Monsieur, [J], [M] a été examiné par Monsieur les Docteurs, [S] et, [G], le rapport ayant été le 17 janvier 2022. Il percevait une provision de 5000 € de la part d,'[F] IARD et SANTE et recevait une offre d’indemnisation du 25 juin 2022.
La victime de l’accident n’acceptant pas cette offre, Monsieur, [J], [M] et son épouse Madame, [W], [H] ont fait assigner, par acte en date du 18 avril 2025 la société anonyme d’assurance, [F] IARD et SANTE, la CPAM du PUY DE DOME, la mutuelle DIOT BY HELIUM, devant le Tribunal judiciaire de LIBOURNE, afin d’obtenir :
— que le préjudice de Monsieur, [J], [M] soit liquidé à la somme de 427166 ,51€,
— la fixation de la créance de la CPAM à la somme de 2 332,82 €,
— l’allocation à Monsieur, [J], [M] de la somme de 419 833,69 € après déduction de la créance des tiers payeurs,
— l’allocation à son épouse de la somme de 10 000 € au titre de son préjudice d’affection,
— la condamnation d,'[F] au paiement de ces sommes, avec intérêts au taux légal à compter du 24 août 2019 jusqu’au jour où la décision à intervenir sera définitive,
— la condamnation d,'[F] à payer à Monsieur, [J], [M] la somme de 5000 € en application de l’article 700 du Code de procédure civile et aux dépens.
L’affaire a été enrôlée sous les numéros RG 25/766 et PORTALIS DBX7-W-B7J-DP6O.
Les époux, [M] maintiennent leurs demandes.
Par conclusions notifiées par voie électronique le 28 octobre 2025, la SA, [F] IARD et SANTE ne conteste pas le principe de l’indemnisation, demande que soient liquidés les préjudices en rapport avec l’accident et propose :
— au titre des dépenses de santé actuelles : réservé,
— au titre des frais divers honoraires médecin conseil 3 726 € et frais de déplacement 1254,88 €,
— au titre de l’assistance par tierce personne temporaire 768 €,
— au titre des PGPA 17 139,17 €,
— au titre de l’incidence professionnelle 7000 €,
— au titre du DFT 1 658,40 €,
— au titre des souffrances 5000 €,
— au titre du préjudice esthétique temporaire 500 €,
— au titre du DFP 7800 €.
,
[F] demande en outre :
— que les provisions de 5000 € versées soient déduites,
— le rejet de la demande au titre du préjudice d’affection, de celle relative aux intérêts de retard majorés,
— la réduction de la somme allouée au titre de l’article 700 du Code de procédure civile,
— que l’exécution provisoire soit écartée ou en tout cas réduite à 1/3 des condamnations ou à tout le moins à 50%.

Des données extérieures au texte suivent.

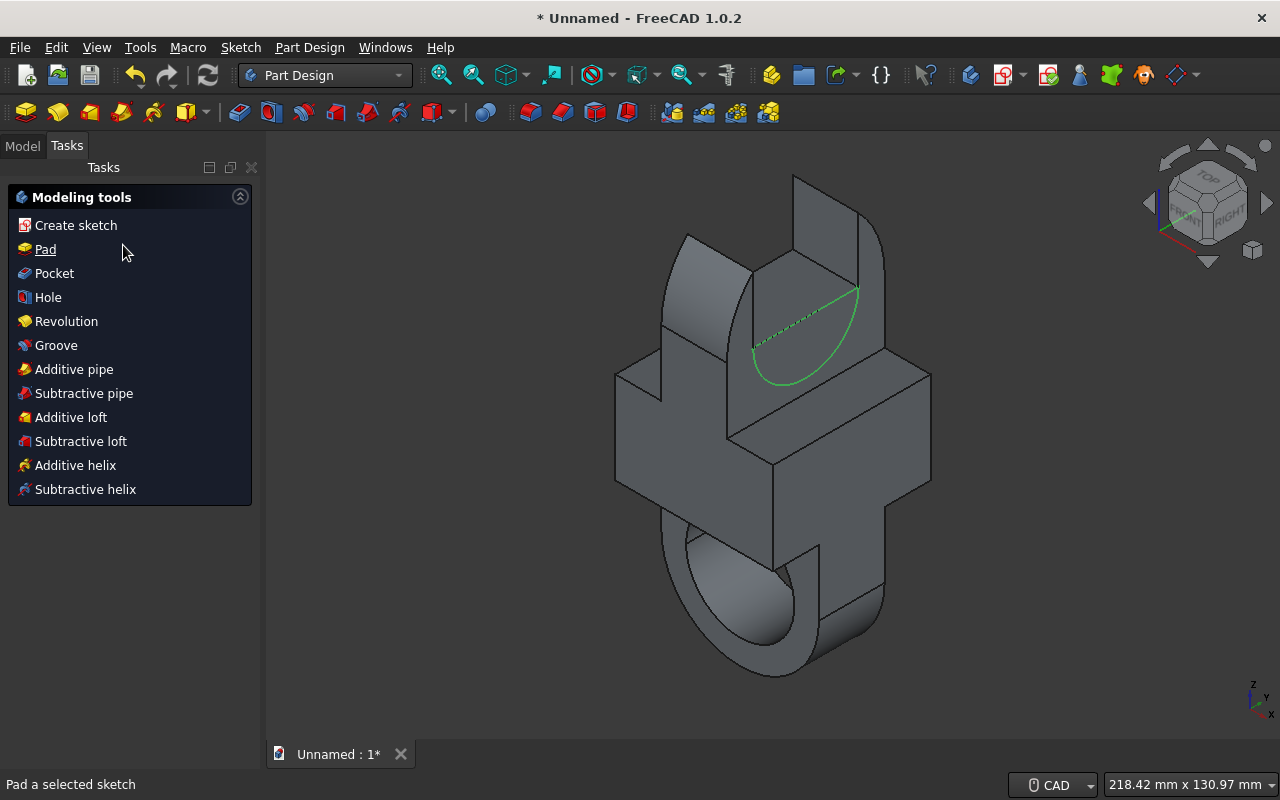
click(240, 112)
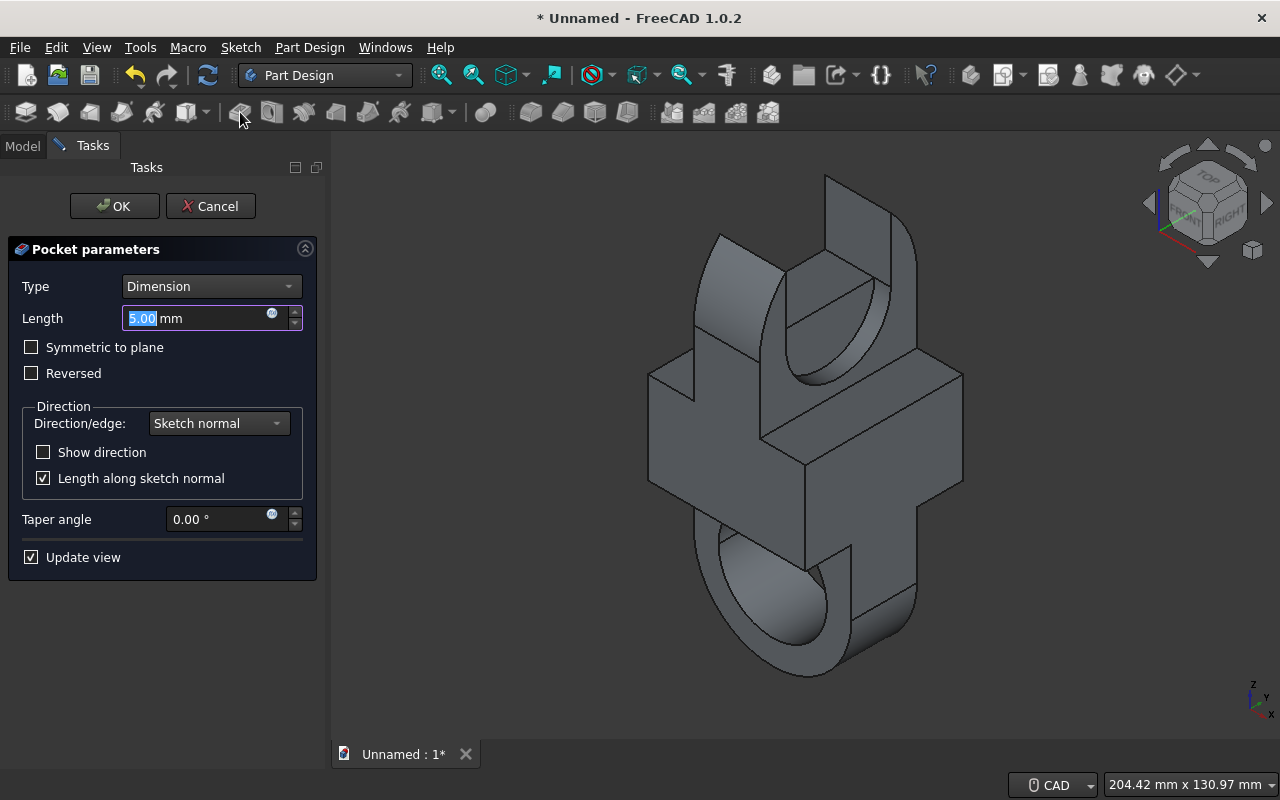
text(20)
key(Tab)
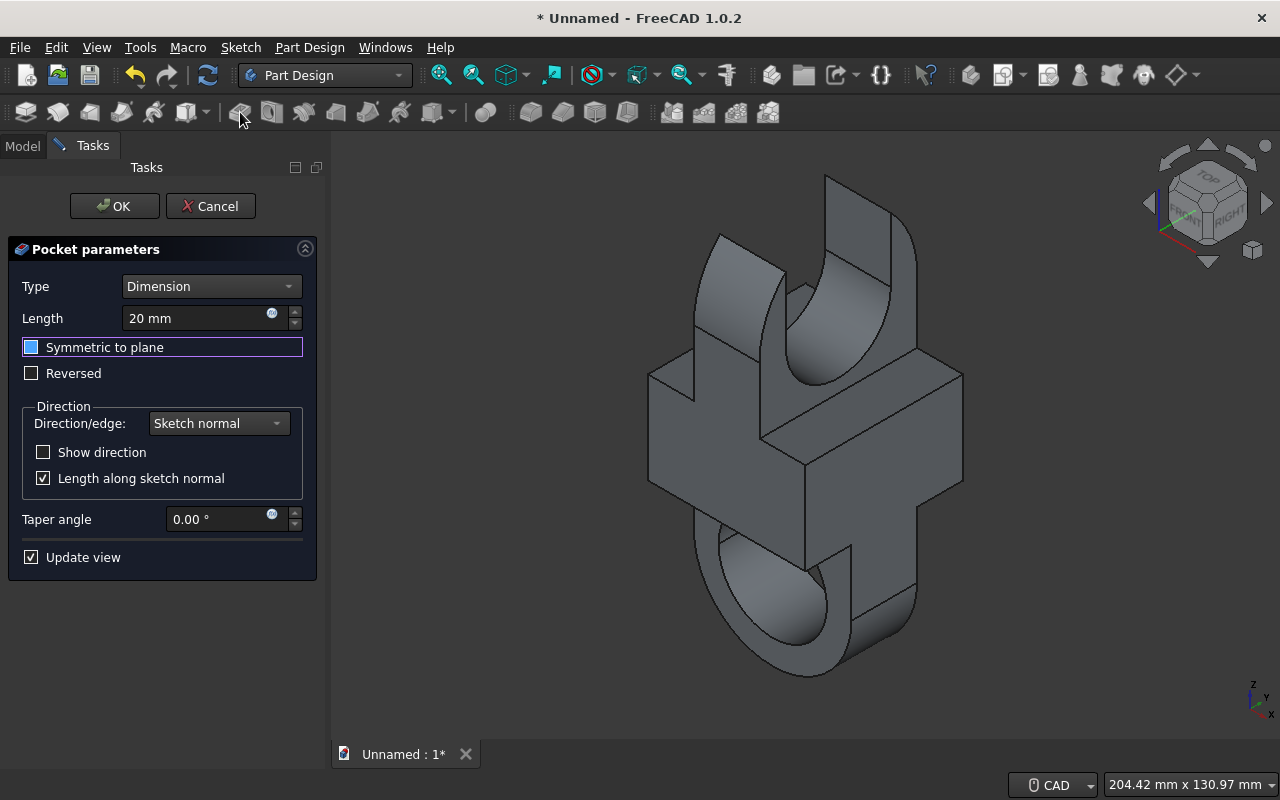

La CPAM du, [Localité 4] assignée à domicile et la SAS MUTUELLE DIOT BY HELIUM assignée à domicile n’ont pas constitué avocat. La CPAM a cependant écrit.
L’ordonnance de clôture est intervenue le 4 novembre 2025, l’affaire a été fixée à l’audience du 29 janvier 2026 date à laquelle elle a été mise en délibéré au 26 mars 2026.
Motifs de la décision :
Le principe de l’indemnisation n’est pas contesté par la compagnie d’assurance.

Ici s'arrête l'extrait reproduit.